[Opening GIVEN RECORDS section]

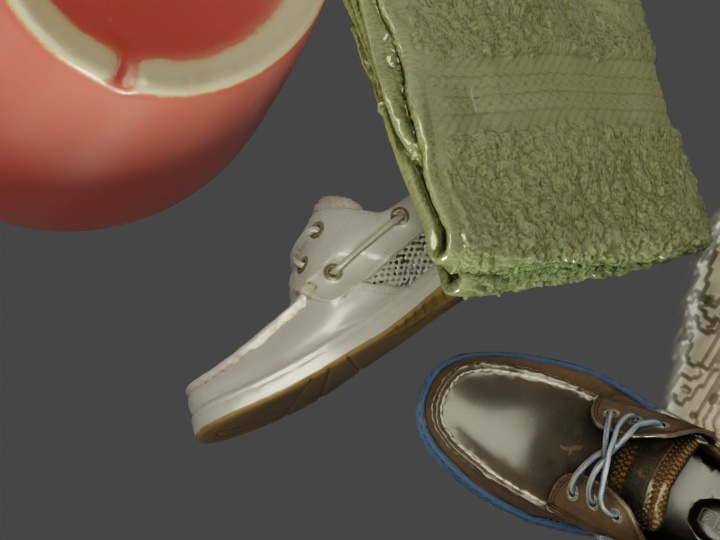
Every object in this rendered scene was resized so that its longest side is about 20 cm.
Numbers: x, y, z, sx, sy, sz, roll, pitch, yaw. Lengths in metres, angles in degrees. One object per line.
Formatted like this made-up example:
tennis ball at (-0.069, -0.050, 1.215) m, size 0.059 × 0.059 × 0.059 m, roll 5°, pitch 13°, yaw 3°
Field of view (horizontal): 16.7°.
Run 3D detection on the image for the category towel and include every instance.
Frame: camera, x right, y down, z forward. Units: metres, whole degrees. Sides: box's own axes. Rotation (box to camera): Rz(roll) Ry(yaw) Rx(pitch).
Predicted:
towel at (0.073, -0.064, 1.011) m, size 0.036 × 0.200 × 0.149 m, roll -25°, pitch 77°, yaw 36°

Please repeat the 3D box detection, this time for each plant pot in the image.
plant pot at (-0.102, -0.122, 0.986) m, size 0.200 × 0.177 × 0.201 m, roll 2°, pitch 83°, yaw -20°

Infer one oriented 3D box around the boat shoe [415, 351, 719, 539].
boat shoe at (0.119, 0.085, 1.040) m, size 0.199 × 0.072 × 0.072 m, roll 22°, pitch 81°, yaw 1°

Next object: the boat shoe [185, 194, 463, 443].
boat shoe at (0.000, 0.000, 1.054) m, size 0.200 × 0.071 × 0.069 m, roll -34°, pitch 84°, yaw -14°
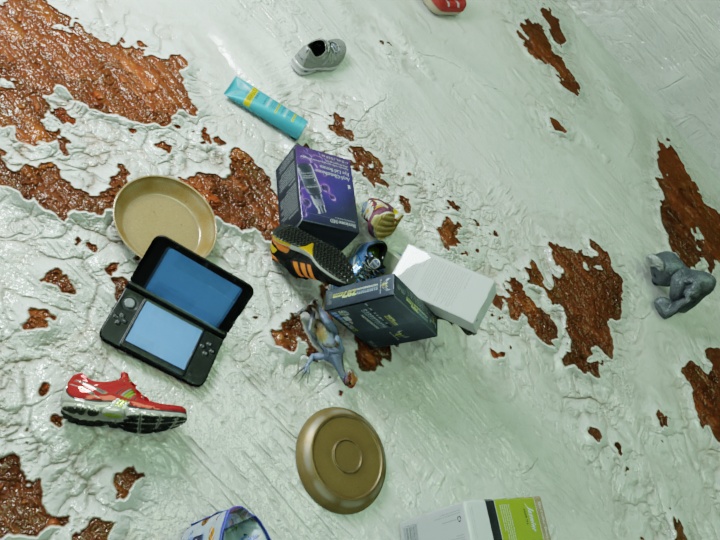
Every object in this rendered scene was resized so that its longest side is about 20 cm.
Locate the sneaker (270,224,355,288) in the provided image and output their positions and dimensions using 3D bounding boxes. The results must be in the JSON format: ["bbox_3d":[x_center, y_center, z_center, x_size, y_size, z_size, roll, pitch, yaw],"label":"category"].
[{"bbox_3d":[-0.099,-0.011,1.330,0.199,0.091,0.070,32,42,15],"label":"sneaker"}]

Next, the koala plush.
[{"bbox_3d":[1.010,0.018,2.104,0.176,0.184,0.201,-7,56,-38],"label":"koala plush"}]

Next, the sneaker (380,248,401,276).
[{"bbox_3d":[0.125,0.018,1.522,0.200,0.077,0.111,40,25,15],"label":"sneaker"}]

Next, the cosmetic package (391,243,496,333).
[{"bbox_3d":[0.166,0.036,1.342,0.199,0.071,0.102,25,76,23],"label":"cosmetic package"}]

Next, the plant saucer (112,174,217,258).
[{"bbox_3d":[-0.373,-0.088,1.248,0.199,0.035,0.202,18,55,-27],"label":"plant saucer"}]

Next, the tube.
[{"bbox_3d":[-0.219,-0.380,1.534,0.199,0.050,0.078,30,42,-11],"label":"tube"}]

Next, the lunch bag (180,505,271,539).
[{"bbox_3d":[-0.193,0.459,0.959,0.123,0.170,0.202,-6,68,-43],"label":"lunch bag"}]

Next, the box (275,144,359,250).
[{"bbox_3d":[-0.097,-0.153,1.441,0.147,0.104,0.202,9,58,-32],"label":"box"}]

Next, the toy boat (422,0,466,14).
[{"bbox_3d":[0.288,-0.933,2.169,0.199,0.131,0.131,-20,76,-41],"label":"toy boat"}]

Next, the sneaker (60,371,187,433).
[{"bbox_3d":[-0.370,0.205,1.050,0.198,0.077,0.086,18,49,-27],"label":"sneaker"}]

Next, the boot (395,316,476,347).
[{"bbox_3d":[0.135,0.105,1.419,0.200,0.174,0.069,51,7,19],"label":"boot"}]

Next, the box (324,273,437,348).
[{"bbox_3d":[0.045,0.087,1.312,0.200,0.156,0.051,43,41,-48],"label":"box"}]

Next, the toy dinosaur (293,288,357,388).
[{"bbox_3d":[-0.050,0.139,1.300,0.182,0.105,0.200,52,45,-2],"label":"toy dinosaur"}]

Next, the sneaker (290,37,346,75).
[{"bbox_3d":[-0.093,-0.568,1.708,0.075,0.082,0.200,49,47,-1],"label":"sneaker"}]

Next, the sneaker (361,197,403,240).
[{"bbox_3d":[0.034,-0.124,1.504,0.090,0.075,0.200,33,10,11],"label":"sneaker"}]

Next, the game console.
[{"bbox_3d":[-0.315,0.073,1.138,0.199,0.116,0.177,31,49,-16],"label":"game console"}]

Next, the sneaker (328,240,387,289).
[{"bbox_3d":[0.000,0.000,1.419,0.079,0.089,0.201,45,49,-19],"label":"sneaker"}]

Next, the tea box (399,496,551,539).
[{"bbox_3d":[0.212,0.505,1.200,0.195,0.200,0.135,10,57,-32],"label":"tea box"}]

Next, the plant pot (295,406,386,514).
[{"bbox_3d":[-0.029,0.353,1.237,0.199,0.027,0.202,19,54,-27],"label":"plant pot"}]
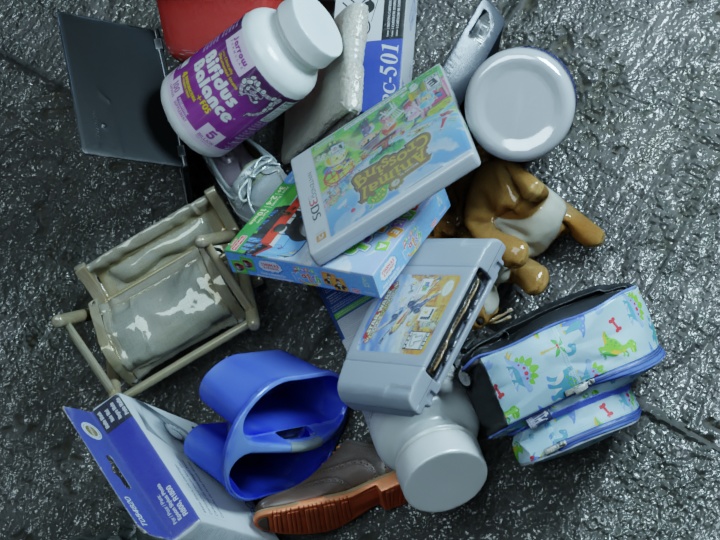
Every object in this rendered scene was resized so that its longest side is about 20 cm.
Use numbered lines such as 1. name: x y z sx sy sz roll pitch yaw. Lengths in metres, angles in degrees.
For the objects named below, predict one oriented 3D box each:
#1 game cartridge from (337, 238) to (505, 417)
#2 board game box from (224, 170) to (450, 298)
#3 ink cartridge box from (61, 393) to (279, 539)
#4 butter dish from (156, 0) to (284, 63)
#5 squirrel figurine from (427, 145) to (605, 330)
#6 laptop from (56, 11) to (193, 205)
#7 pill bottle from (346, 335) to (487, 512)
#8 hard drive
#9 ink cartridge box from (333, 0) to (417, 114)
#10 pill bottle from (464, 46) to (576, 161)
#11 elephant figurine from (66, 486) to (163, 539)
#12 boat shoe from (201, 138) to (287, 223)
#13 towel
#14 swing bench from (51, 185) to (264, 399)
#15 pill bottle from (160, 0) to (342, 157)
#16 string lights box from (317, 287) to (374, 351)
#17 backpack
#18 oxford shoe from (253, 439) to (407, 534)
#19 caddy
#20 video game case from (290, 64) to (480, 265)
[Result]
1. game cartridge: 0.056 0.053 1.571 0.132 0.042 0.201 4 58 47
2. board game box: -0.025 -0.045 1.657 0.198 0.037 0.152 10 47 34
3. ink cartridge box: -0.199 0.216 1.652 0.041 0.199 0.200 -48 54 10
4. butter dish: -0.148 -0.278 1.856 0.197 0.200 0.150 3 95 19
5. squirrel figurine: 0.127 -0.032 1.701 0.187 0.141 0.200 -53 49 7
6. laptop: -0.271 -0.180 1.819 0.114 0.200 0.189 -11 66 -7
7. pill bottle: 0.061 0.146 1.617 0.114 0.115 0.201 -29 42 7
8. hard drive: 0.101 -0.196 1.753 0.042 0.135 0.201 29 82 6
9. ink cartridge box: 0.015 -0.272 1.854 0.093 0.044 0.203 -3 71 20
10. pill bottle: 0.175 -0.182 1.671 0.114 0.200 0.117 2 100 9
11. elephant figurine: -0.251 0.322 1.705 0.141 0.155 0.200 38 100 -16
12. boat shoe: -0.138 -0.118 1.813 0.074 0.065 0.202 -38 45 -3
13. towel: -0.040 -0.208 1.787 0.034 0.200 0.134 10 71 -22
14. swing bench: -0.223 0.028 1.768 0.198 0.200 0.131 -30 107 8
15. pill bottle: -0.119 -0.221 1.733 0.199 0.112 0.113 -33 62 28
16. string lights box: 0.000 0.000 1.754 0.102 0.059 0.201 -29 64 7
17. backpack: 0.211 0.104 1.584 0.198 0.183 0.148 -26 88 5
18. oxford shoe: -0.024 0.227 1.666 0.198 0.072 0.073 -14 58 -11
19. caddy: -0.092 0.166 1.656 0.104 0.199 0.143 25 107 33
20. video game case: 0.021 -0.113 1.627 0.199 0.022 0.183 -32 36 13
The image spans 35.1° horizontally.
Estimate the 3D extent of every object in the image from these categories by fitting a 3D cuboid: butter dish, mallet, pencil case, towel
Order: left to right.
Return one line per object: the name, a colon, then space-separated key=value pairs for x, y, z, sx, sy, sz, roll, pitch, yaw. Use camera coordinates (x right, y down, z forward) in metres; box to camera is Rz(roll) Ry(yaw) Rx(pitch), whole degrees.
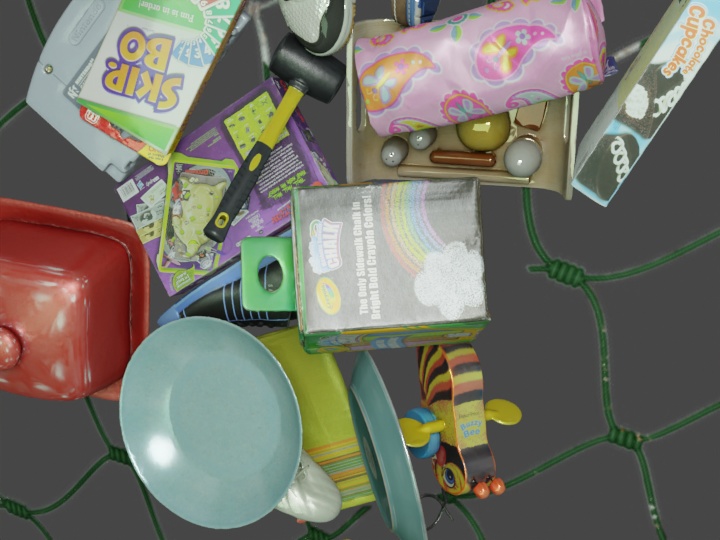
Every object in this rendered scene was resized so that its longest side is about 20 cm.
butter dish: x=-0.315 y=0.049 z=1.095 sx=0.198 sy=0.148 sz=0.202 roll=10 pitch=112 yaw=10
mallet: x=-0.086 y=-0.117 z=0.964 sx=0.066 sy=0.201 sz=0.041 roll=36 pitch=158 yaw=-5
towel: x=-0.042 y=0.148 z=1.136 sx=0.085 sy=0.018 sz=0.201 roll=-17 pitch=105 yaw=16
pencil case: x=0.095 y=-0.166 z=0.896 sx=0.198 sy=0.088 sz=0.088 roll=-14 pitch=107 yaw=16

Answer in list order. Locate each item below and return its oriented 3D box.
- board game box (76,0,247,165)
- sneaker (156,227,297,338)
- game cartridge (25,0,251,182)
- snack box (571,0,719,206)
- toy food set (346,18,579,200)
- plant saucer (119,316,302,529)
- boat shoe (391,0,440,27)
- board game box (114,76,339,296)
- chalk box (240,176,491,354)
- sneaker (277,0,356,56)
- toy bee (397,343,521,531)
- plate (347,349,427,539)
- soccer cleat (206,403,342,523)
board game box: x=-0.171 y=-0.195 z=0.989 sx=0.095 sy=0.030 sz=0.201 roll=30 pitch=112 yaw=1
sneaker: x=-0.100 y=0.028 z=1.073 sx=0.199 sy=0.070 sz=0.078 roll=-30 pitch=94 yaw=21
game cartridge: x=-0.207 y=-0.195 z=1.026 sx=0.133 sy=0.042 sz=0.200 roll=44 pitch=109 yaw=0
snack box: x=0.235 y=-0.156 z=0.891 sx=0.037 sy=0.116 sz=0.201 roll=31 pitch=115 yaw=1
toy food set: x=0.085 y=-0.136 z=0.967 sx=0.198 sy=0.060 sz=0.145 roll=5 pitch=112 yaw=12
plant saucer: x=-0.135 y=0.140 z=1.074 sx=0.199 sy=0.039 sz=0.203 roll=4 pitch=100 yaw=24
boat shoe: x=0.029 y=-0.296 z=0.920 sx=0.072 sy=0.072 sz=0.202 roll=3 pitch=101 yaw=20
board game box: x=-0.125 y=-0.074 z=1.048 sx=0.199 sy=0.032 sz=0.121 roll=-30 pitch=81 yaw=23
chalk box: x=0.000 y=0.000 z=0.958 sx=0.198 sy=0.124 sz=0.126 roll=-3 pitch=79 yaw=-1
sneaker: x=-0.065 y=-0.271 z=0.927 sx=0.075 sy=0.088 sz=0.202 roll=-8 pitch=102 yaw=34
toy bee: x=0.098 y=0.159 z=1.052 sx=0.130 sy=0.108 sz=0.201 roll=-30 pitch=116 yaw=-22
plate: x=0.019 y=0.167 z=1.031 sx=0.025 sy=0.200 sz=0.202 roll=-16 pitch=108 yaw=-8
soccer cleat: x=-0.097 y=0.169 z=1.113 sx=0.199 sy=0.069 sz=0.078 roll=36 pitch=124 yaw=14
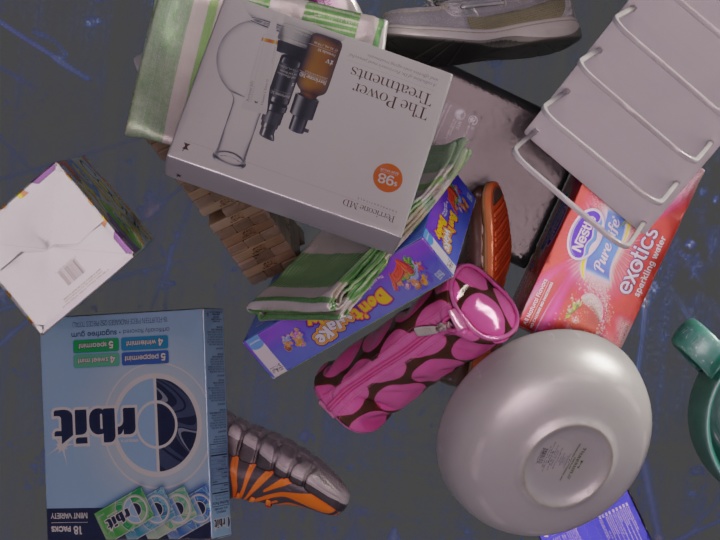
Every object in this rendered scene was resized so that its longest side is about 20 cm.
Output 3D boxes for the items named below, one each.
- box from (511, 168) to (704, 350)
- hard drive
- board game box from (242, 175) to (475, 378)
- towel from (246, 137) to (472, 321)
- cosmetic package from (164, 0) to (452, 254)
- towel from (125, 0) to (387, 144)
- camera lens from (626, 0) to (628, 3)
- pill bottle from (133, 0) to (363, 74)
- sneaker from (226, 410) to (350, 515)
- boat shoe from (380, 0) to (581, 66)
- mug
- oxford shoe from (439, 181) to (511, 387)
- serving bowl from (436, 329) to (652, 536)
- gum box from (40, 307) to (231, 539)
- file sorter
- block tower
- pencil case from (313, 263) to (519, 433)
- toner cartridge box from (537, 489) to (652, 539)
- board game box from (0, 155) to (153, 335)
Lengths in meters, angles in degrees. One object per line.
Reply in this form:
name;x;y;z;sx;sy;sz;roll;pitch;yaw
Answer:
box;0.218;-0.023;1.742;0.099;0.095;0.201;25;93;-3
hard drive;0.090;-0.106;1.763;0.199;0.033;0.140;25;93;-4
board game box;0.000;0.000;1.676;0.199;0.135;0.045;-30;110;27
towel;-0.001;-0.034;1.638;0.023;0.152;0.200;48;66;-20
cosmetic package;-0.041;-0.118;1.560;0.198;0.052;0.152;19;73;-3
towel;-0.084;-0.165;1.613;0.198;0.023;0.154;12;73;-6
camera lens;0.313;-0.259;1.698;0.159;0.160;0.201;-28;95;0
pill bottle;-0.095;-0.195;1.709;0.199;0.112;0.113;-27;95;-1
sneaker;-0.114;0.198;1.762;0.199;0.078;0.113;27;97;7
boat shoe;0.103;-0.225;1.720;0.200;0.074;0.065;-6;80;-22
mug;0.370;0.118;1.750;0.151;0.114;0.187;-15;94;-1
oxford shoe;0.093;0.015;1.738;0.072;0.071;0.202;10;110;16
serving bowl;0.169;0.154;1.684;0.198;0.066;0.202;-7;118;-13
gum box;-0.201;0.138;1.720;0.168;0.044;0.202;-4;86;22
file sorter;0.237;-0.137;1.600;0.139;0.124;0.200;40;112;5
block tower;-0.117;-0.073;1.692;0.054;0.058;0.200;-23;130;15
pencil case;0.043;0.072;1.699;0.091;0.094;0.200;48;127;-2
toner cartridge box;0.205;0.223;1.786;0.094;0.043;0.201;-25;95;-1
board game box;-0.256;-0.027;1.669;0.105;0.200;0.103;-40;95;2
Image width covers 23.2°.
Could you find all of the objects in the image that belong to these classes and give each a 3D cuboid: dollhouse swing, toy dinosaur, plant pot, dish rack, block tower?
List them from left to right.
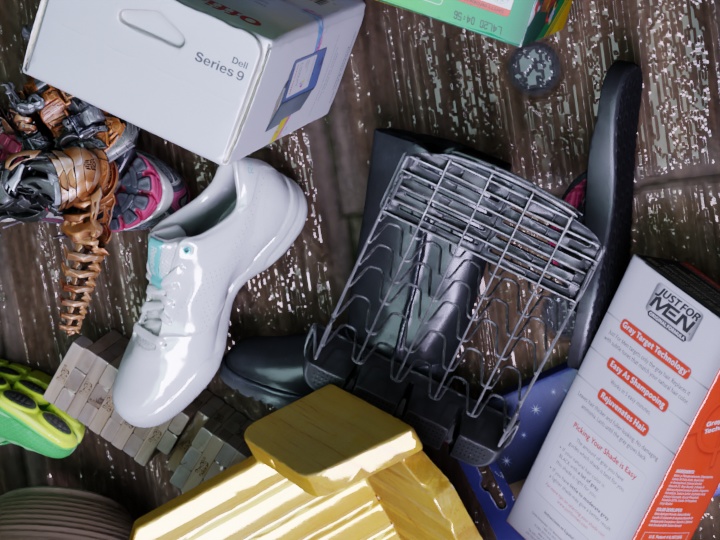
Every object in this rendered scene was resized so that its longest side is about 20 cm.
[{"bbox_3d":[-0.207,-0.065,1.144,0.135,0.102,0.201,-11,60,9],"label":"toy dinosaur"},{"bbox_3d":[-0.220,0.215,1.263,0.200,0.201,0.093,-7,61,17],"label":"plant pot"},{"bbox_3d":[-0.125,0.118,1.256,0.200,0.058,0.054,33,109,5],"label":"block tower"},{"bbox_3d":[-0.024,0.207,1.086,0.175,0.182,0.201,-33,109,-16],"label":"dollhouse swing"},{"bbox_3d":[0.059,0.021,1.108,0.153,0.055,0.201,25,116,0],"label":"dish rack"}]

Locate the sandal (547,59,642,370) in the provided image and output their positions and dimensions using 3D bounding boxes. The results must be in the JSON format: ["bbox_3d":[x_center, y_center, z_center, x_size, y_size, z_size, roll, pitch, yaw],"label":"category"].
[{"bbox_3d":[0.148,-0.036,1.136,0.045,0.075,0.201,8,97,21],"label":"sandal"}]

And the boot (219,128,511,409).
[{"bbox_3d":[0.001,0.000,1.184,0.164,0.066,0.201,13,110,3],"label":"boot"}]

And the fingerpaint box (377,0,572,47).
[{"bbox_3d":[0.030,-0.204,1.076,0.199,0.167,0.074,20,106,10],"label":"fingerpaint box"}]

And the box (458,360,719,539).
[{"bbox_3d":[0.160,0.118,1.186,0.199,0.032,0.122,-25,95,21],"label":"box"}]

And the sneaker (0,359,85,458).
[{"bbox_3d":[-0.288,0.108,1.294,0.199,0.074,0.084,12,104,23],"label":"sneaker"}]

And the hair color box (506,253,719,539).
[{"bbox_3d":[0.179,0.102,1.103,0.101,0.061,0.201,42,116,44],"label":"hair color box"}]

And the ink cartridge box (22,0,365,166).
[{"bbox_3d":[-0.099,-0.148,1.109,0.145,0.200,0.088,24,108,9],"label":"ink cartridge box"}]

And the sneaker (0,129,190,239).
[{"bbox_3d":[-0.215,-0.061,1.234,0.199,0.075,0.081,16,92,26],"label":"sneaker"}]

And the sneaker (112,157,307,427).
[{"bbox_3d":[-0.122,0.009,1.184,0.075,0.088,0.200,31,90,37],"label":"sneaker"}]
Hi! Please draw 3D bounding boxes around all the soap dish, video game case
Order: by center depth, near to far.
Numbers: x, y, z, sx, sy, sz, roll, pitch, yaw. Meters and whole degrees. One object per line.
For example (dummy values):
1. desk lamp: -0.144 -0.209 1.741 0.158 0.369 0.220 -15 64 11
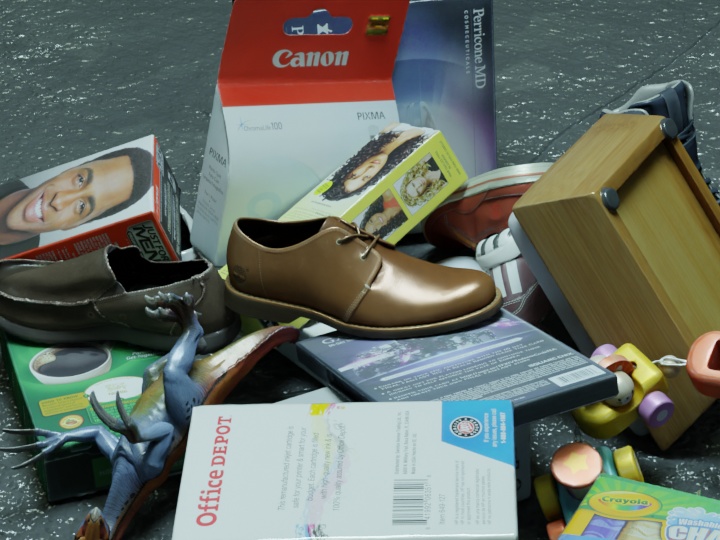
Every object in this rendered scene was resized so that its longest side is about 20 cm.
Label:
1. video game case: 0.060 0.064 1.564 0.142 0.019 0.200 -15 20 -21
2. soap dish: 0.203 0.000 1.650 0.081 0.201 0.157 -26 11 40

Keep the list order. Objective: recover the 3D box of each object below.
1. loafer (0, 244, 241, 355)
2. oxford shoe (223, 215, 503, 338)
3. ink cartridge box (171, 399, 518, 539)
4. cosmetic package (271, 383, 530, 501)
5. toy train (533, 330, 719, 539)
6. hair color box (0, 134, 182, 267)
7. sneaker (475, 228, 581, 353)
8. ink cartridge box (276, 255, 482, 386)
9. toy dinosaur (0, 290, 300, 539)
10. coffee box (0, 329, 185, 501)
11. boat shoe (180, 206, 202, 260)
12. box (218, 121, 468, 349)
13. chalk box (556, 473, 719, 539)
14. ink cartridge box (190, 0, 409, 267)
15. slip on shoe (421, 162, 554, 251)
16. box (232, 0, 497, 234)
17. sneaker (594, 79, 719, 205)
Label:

[Closing GIVEN RECORDS section]

Take the lines above from the top of the records through the one with "Run 3D detection" and repeat them exactly, without any pictures.

Every object in this rendered scene was resized so that its longest side is about 20 cm.
Numbers: x, y, z, sx, sy, sz, roll, pitch, yaw. Lengths in metres, angles in degrees. One object per line.
Formatted like this made-up example:
tennis ball at (-0.069, -0.050, 1.215) m, size 0.059 × 0.059 × 0.059 m, roll 5°, pitch 13°, yaw 3°
Field of view (horizontal): 16.7°.
Run 3D detection on the image for the category towel and include every instance.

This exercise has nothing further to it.